Из работ по теории общения известно, что прежде чем человек как участник коммуникативного процесса успевает что-либо довести до сведения других вербальным путем, около 85% людей формируют о нем как о партнере по общению свое представление на основе его внешнего облика. Испанский монах Бальтасар Грасиан отмечал: «О вещах судят не по сути, а по виду; мало кто смотрит в глубь, чаще довольствуются наружностью. Толку ли, что ты прав, коль на лице твоем лукавство. Благовидная наружность – лучшая рекомендация достоинств внутренних». И если только «в беседе сказывается, открывается личность», то важная психологическая информация о собеседнике, о его поведении, о его внеречевых компонентах взаимодействия может передаваться посредством визуального канала в виде особых знаков внешнего облика – визуальных знаков и сигналов.

На фоне опосредованного обмена коммуникативными потоками в период глобализации и информатизации как важнейших признаков нового тысячелетия все большее значение приобретает феномен непосредственного общения между людьми. В этом плане коммуникация рассматривается как частный случай взаимодействия человека с окружающим миром. Если при этом исходить из существования внутренней взаимосвязанности всех свойств и процессов в коммуникативном обмене (взаимодействии), то тогда принимающий в нем участие человек воспринимается как целостная система, которая передает и воспринимает (реагирует на) информацию всем своим телом в виде определенных сигналов (ср.: Романов, 1995) .

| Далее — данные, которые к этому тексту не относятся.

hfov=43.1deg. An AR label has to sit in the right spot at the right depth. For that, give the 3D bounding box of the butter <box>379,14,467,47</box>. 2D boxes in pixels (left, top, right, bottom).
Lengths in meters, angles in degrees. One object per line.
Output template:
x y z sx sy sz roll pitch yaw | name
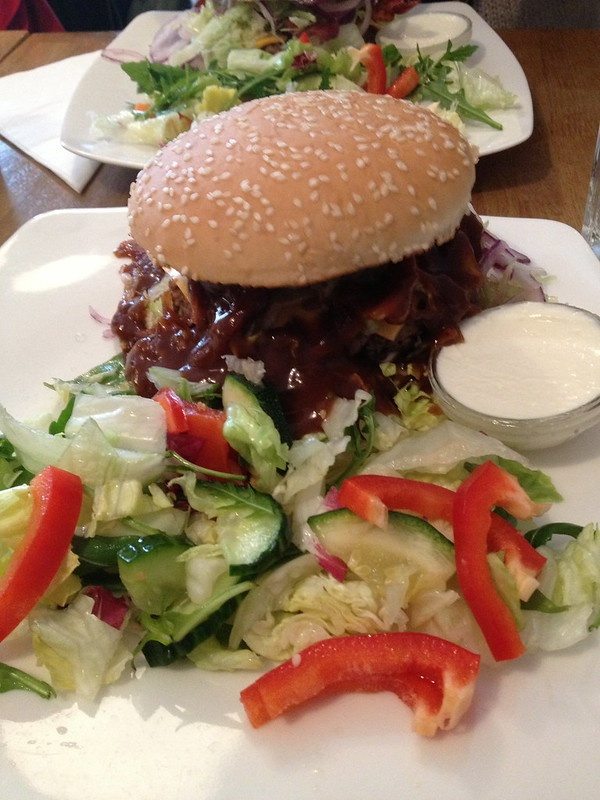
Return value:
0.537 -1.615 3.316 0.322 0.106 0.278 -9 36 5 | butter
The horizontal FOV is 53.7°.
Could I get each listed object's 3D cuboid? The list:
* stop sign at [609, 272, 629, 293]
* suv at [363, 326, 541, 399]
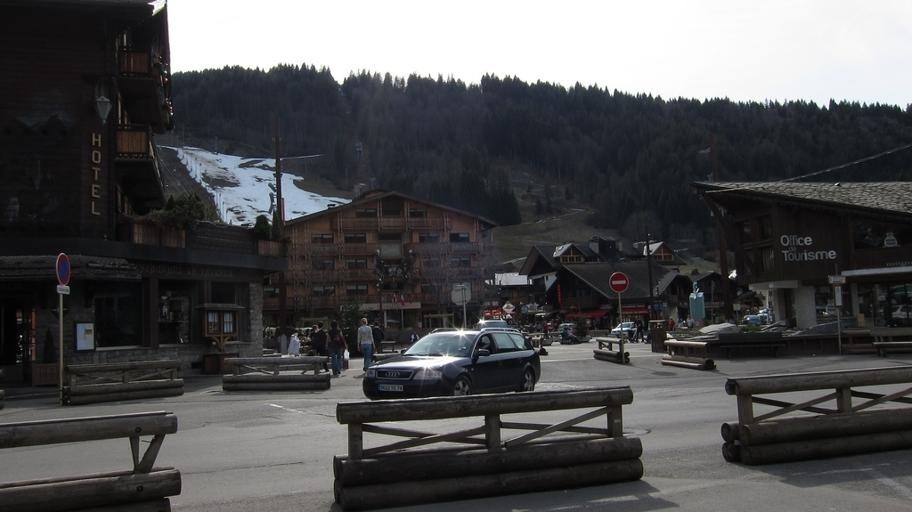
[{"bbox_3d":[7.685,1.221,42.473,0.853,0.896,0.757,-1,-7,-15],"label":"stop sign"},{"bbox_3d":[0.237,4.169,36.251,6.506,2.145,2.908,7,-12,-40],"label":"suv"}]

С этих позиций достаточно сложно в процессе коммуникативного обмена четко отграничить деловые и личностные качества собеседников, их эмоции от содержания и смысла сказанного, их отношения к тематическому пространству беседы, к своему партнеру как реципиенту (адресату) сообщения, их отношение к обстоятельствам, в которых осуществляется коммуникативная интеракция. Поэтому сам процесс коммуникации или коммуникативного обмена есть своего рода технология непрерывного взаимодействия человека с окружающим его миром, реализующаяся в виде последовательности и особенностей его знакового (вербального и авербального) поведения, действий и состояний при передаче, обмене, получении, переработке и сохранении информации (Меграбян, 2001; Романов, 1988; 1995; 1996; Романов, Ходырев, 2000; Романов, Ходырев, 2001). В данном случае знак определяется в широком смысле как материальный, чувственно воспринимаемый предмет (явление, действие), выступающий в процессе познания и общения в качестве представителя (заместителя) другого предмета или явления и используемый для приема, хранения, преобразования и передачи информации об этом замещающем предмете или явлении.

Как правило, каждый из участников коммуникативного обмена стремится к реализации своей цели, воздействуя на те или иные сферы человека. В этом плане цель можно рассматривать как определенный результат, ради которого каждый из собеседников вступает в коммуникацию друг с другом, а предметом коммуникативного взаимодействия будет являться та часть внутреннего или внешнего мира реципиента (адресата), на которую осуществляется воздействие со стороны его партнера или каузатора (источника воздействия).

Известно, что с точки зрения манифестационного (по форме) проявления (в виде слов, жестов, поз или иных невербальных аспектов) процесс коммуникативного обмена (или коммуникацию) можно отнести к физическому, материальному миру, по содержанию (значение слов, семантическая характеристика дискурсивных практик или репликовых шагов) – к социальному миру, а по предмету воздействия коммуникация «всегда» относится к духовно-психологической сфере (Романов, Ходырев, 2000: 21-26).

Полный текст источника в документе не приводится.